This is not an observation about cynicism. It does not require that politicians be secretly calculating rather than genuinely outraged. The trap is structural, not psychological. When the institution’s primary product becomes the acknowledgment of harm rather than its repair, even sincere actors begin operating within a reward system that punishes resolution. A political movement that achieves its demand — tangibly, measurably, in law and material reality — loses its organizing principle. The television cameras move elsewhere. The fundraising emails stop producing the same urgency. The wound, which was the movement’s identity, heals, and with it goes the particular form of social solidarity that the wound had organized. This is why so many political victories in the last fifty years have been simultaneously real and insufficient: they were absorbed by the spectacle machinery before they could consolidate into changed material conditions.

The media infrastructure that grew alongside this institutional shift was not a neutral amplifier. By the time cable news had fully matured into its present form — CNN launching in 1980, Fox News in 1996, the subsequent proliferation of partisan digital channels — the economic model of political media had converged entirely with the emotional logic Brown described. Outrage generates engagement. Engagement generates revenue. This is not a metaphor. The advertising rates for cable news segments covering active political conflict run measurably higher than those covering policy passage or institutional routine. The industry has a direct financial stake in the non-resolution of the anger it broadcasts, which means it is structurally incapable of covering the conditions that might end it.

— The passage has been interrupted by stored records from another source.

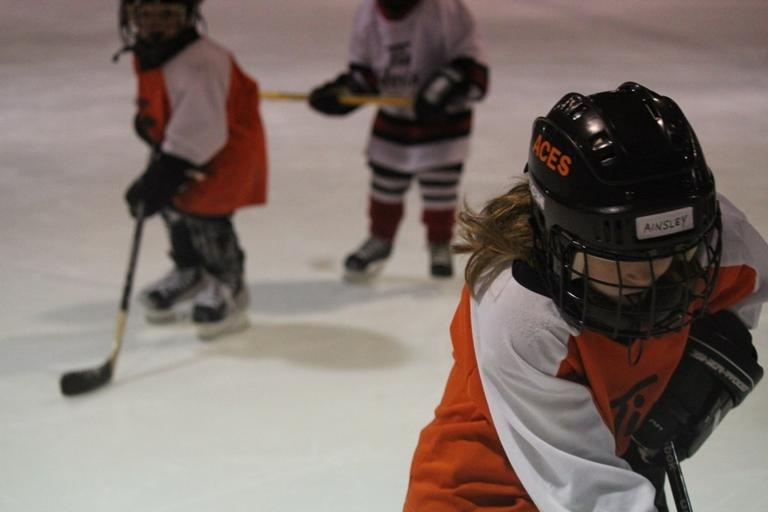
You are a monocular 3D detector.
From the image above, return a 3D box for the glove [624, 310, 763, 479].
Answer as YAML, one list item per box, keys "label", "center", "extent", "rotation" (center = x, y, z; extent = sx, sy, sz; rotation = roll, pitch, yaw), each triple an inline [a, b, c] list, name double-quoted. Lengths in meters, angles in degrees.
- label: "glove"
  center: [0.815, 0.358, 2.128]
  extent: [0.449, 0.334, 0.184]
  rotation: [-47, 37, -13]

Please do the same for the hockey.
- label: "hockey"
  center: [-0.921, 0.033, 2.721]
  extent: [0.192, 0.128, 1.101]
  rotation: [15, 66, -18]

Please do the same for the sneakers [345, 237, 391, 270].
- label: "sneakers"
  center: [-0.059, -0.001, 3.047]
  extent: [0.080, 0.084, 0.225]
  rotation: [18, 30, 28]
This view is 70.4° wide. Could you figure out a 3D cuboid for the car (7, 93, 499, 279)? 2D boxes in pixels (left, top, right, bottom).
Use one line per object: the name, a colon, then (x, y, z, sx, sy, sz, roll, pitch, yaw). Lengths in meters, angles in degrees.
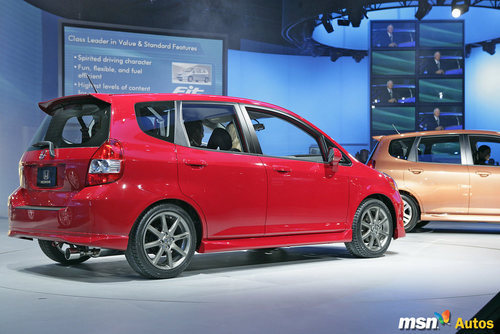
car: (-0.411, 0.198, 4.871, 4.314, 1.517, 2.403, -1, 0, -30)
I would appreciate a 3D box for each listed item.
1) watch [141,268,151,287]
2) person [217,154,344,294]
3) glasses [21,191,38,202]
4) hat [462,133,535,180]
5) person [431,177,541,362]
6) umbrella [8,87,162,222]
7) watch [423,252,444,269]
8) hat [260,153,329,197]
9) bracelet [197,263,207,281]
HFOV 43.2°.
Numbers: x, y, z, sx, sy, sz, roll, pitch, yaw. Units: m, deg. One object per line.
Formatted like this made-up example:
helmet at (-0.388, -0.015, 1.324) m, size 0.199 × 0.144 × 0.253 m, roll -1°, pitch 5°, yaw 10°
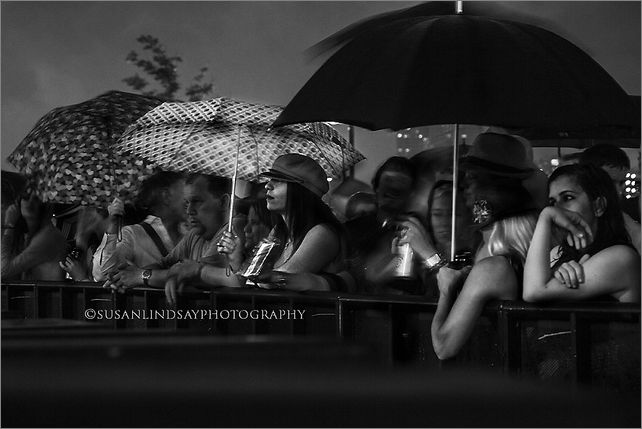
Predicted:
watch at (-1.154, 0.421, 5.400) m, size 0.060 × 0.100 × 0.098 m, roll 14°, pitch -38°, yaw 11°
person at (-0.160, 0.216, 5.342) m, size 0.778 × 1.101 × 0.792 m, roll 11°, pitch -29°, yaw -14°
glasses at (-2.451, -0.139, 6.800) m, size 0.101 × 0.096 × 0.028 m, roll 4°, pitch -51°, yaw -9°
hat at (1.011, -0.283, 4.599) m, size 0.339 × 0.130 × 0.286 m, roll 8°, pitch 12°, yaw -12°
person at (0.833, 0.254, 4.068) m, size 0.473 × 0.886 × 0.761 m, roll 2°, pitch -1°, yaw 18°
umbrella at (-2.011, -0.439, 6.587) m, size 0.999 × 1.011 × 0.347 m, roll 10°, pitch -51°, yaw 7°
watch at (0.575, 0.242, 4.206) m, size 0.091 × 0.061 × 0.093 m, roll -8°, pitch -18°, yaw -35°
hat at (-0.165, -0.233, 5.318) m, size 0.364 × 0.168 × 0.276 m, roll 23°, pitch -4°, yaw -20°
bracelet at (-0.771, 0.369, 5.257) m, size 0.031 × 0.083 × 0.061 m, roll 5°, pitch 1°, yaw 1°
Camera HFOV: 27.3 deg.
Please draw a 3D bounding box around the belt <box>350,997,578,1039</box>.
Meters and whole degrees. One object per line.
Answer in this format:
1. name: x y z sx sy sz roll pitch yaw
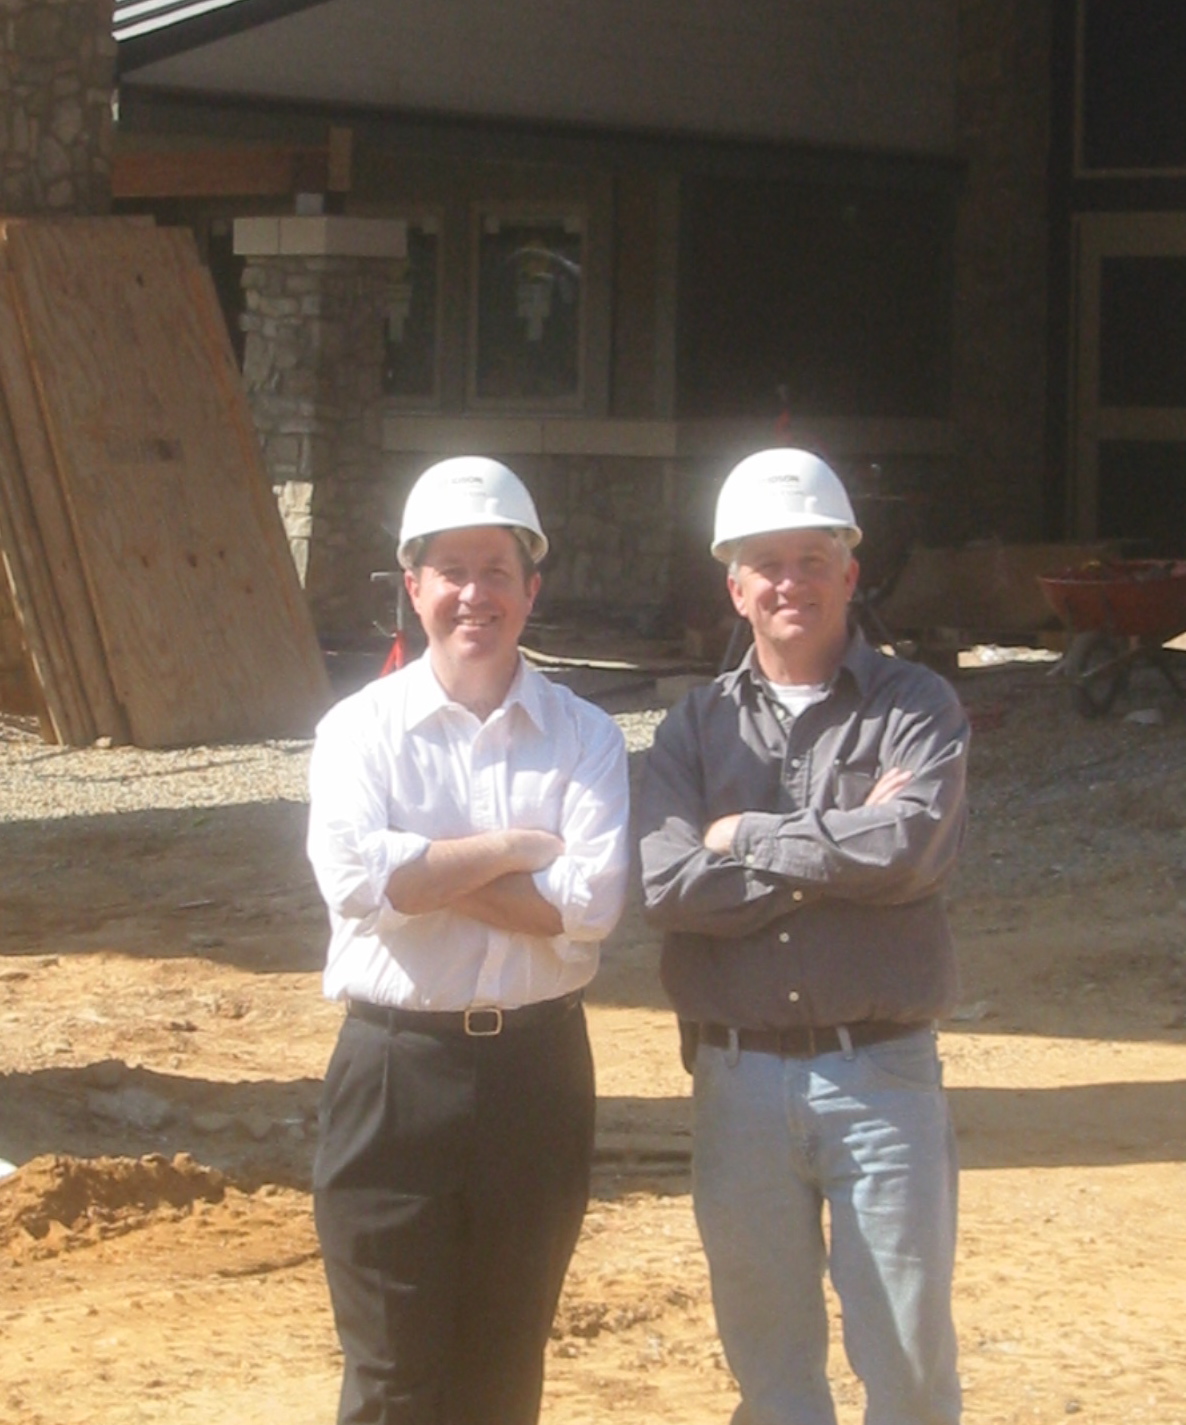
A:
1. belt: -0.244 0.598 4.747 0.451 0.064 0.121 1 9 -6
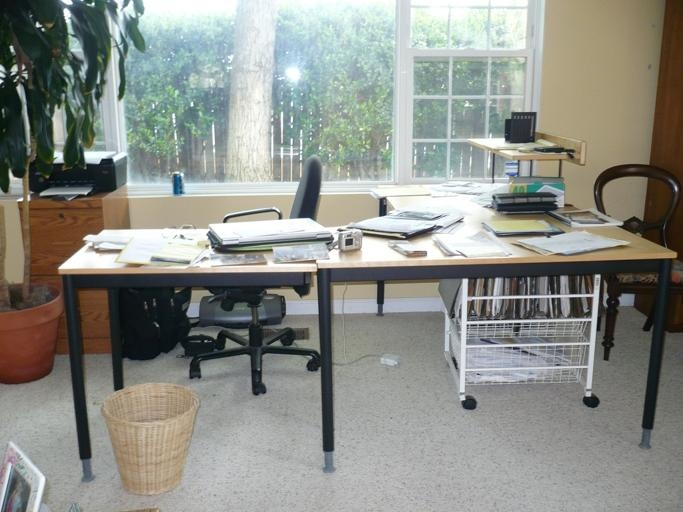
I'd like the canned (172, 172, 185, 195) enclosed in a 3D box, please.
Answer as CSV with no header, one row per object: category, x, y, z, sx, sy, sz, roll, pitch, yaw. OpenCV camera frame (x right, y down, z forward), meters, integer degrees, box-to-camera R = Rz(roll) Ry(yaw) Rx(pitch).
canned,-1.249,-0.544,4.244,0.079,0.166,0.097,-5,16,-12

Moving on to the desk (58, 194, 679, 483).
desk,0.164,0.456,2.851,2.929,1.042,0.559,-3,16,-5

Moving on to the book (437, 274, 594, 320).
book,1.001,0.225,3.060,0.359,0.150,0.463,0,7,2

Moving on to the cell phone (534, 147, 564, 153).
cell phone,1.255,-0.640,3.382,0.174,0.034,0.113,4,16,18

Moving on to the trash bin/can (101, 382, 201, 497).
trash bin/can,-0.933,0.816,2.717,0.472,0.410,0.494,0,5,-22
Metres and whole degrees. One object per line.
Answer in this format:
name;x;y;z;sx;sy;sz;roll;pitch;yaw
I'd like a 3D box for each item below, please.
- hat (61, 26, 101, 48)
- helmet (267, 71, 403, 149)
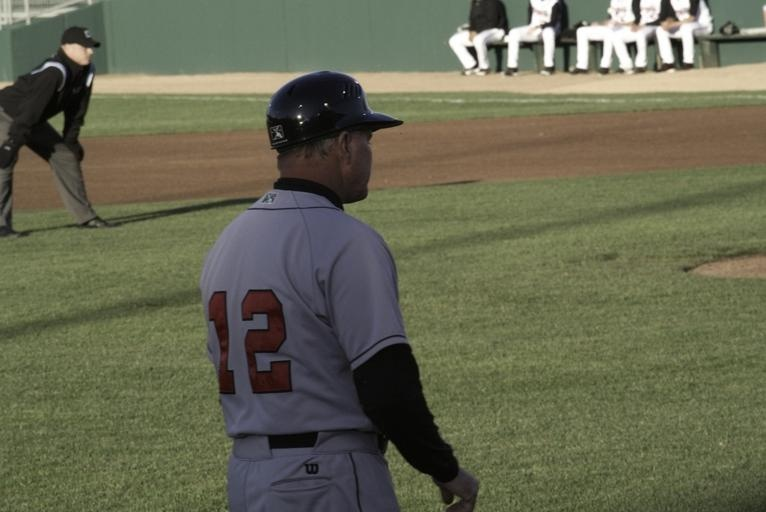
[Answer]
hat;-3.358;-2.403;11.653;0.390;0.250;0.287;-2;16;0
helmet;-0.363;-0.904;6.759;0.646;0.341;0.491;-16;5;-10

What gets produced in this system is something that resembles political action while functioning as its substitute. A constituency watches its anger reflected back at scale, amplified, validated, given the production values of importance — and the act of watching substitutes for the more effortful, less cinematically satisfying work of organizing, negotiating, or tolerating the ambiguity of partial victories. The spectacle of grievance is, among other things, an extremely efficient way to keep people feeling politically active while keeping the underlying conditions stable. You can spend an entire decade consuming content about inequality without ever attending a zoning board meeting where inequality is actually produced and reproduced at the municipal level.

There is a particular cruelty embedded in systems that offer recognition in place of remedy. The person who comes to politics carrying a real injury — economic, social, historical — is met with a mirror instead of a lever. The mirror is flattering. It confirms that the injury is real, that it matters, that others share it. But a mirror cannot move anything. The recognition, however genuine, leaves the underlying conditions intact, and the person who sought remedy departs instead with validation — which is to say, with nothing changed except their sense of having been seen.

The Escalation Ladder: From Micro-Aggression to Mass Event

You are standing at the back of a crowd and you can feel the temperature before you can name it. Not heat exactly — something closer to pressure, the way a room changes when everyone in it has already decided something and is waiting for permission to act on it. The speakers at the front are not inciting anything, not technically. They are narrating grievances. But narration at sufficient volume, aimed at a body of people who arrived already primed, does something to the architecture of the possible. The man beside you is not violent. He has never been violent. But his jaw is set in a way that his wife would recognize and his children would know to avoid.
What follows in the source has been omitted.